Giunti alla conclusione degli interventi i tre moderatori hanno cercato di tirare le conclusioni su quanto detto durante la giornata ovvero sulla comune disaffezione nei confronti del sistema delle regole, sulla necessità di valutare altri sistema teatrali come ad esempio le residenze, sull’opportunità di intervenire sull’Eti rifondandolo radicalmente, sull’importanza della formazione del pubblico e degli artisti, sul bisogno di un osservatorio preparato che sia frutto di una collaborazione responsabile fra operatori ed istituzioni, sulla specificità del sud rispetto ad alcune esperienze ma sulla generale espressione di problematiche che sono in realtà diffuse nel territorio nazionale, sulle reti e sulla loro sempre maggiore urgenza (ed in questo senso è stato citato Antonio Neiwiller ed il suo “Che senso ha se solo tu ti salvi”), ed infine sul legittimo sospetto che le istituzioni siano costretti ad una illegittima coerenza nel momento in cui scelgono determinate strutture rispetto ad altre, dal momento che forse non hanno alcuna alternativa che sostenere l’esistente.
Insomma molte, moltissime suggestioni anche se l’effetto maratona ha un po’ penalizzato la discussione e l’articolazione delle varie proposte. Concordo anche io sul fatto che sia necessario, a partire da questi incontri, produrre documenti che possano essere punti di partenza per riflessioni ed azioni congiunte e mirate. Ben vengano le buone pratiche o la banca delle idee in quanto proposte ma, come in ogni migliore impresa produttiva che non può fermarsi ad un istinto conservativo preminente, è necessario a questo punto un cambio di passo ed un impulso operativo secondo me maggiore. Anche dal punto di vista della partecipazione, al di là delle difficoltà per alcuni di raggiungere le località in cui si sono svolte le varie edizioni, questa di Napoli è stata sicuramente la meno ragguardevole; si sono cioè raggiunte punte di più di un centinaio di presenti, ma si ha spesso avuto la sensazione che fossero in sala solo quelli iscritti a parlare e quindi necessariamente partecipanti. La lodevole iniziativa di Mimma Gallina, Oliviero Ponte di Pino e Franco D’Ippolito ha comunque e sempre il merito di offrire un panorama dettagliato e preciso rispetto alle testimonianze che vengono riportate.

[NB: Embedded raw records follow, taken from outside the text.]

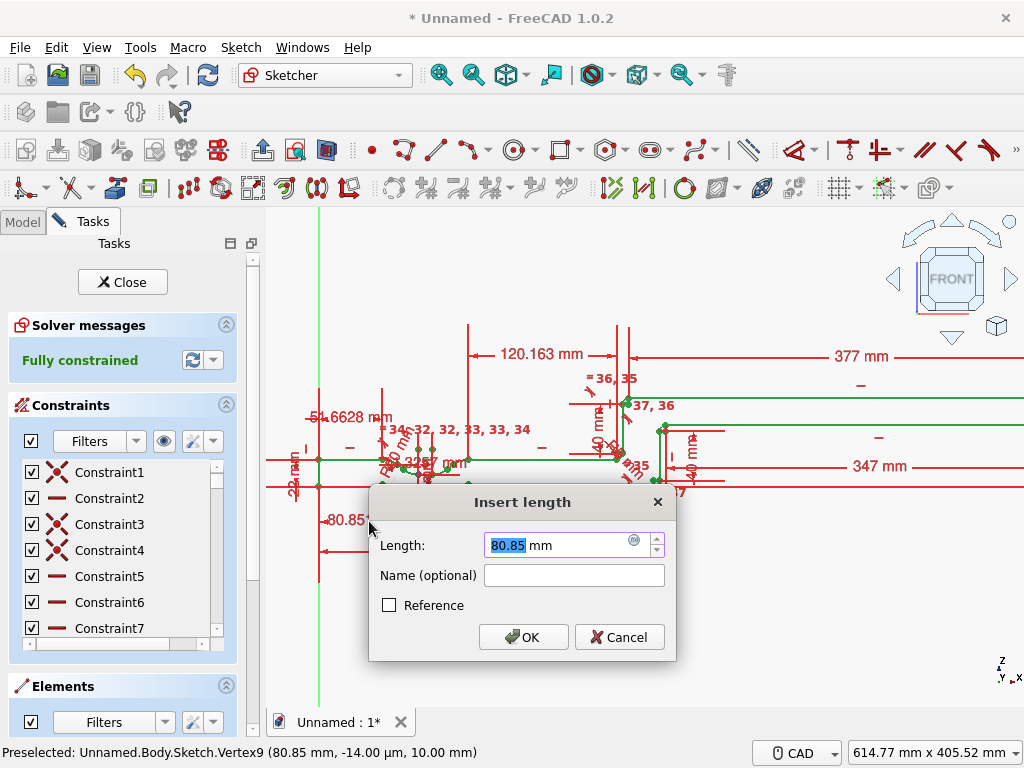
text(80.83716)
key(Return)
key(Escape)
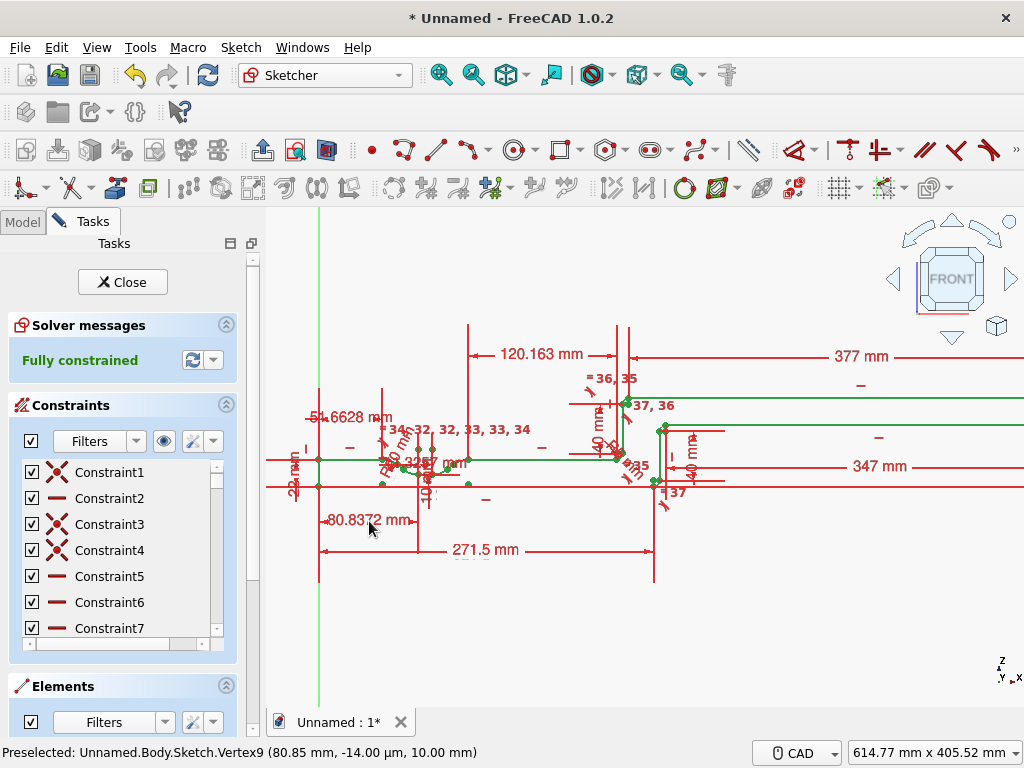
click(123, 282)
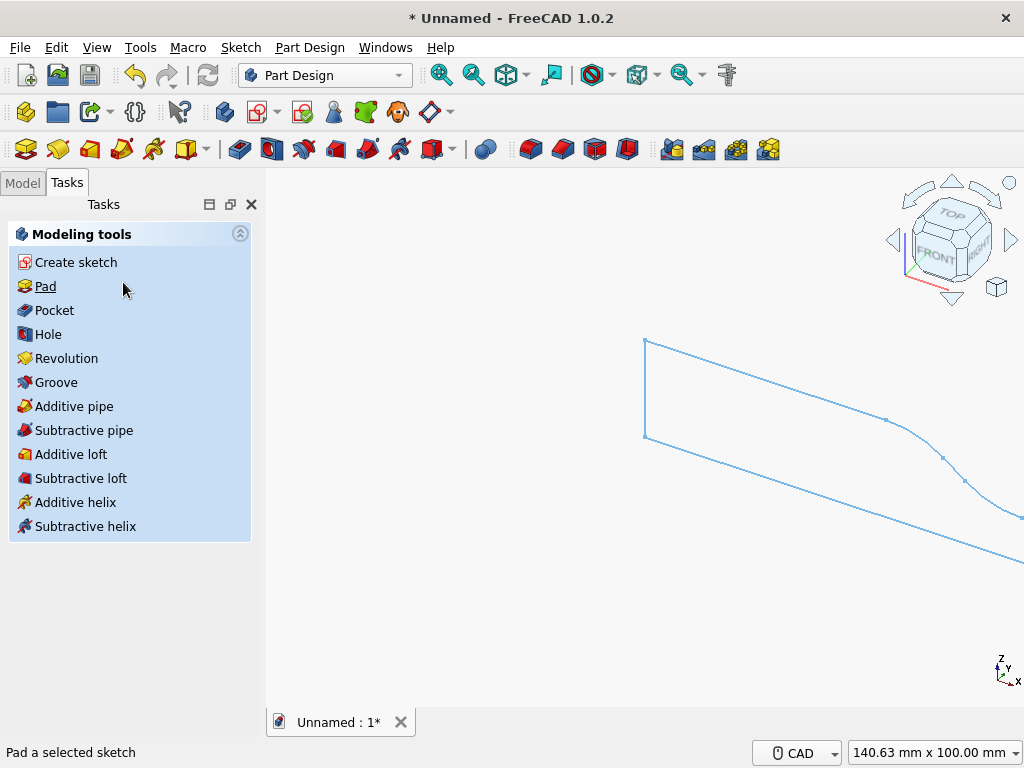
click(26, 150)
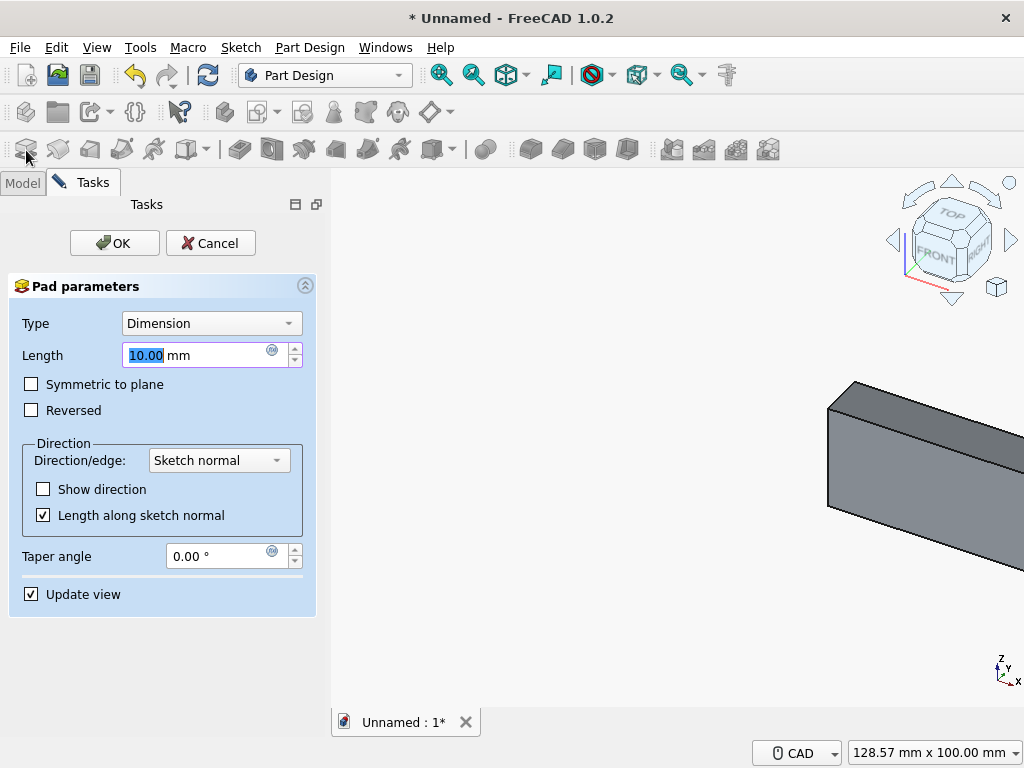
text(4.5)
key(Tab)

Un’ipotesi di ripartizione delle competenze (e delle risorse) fra Stato e Regioni, con conseguente definizione di nuovi parametri e criteri di assegnazione delle sovvenzioni ai soggetti teatrali potrebbe far perno sulla dimensione e sull’età dell’impresa.
Si tratta soltanto di un’ipotesi di studio contenuta nel mio libro Teoria e tecnica dell’organizzatore teatrale (Editoria & Spettacolo, Roma, 2006).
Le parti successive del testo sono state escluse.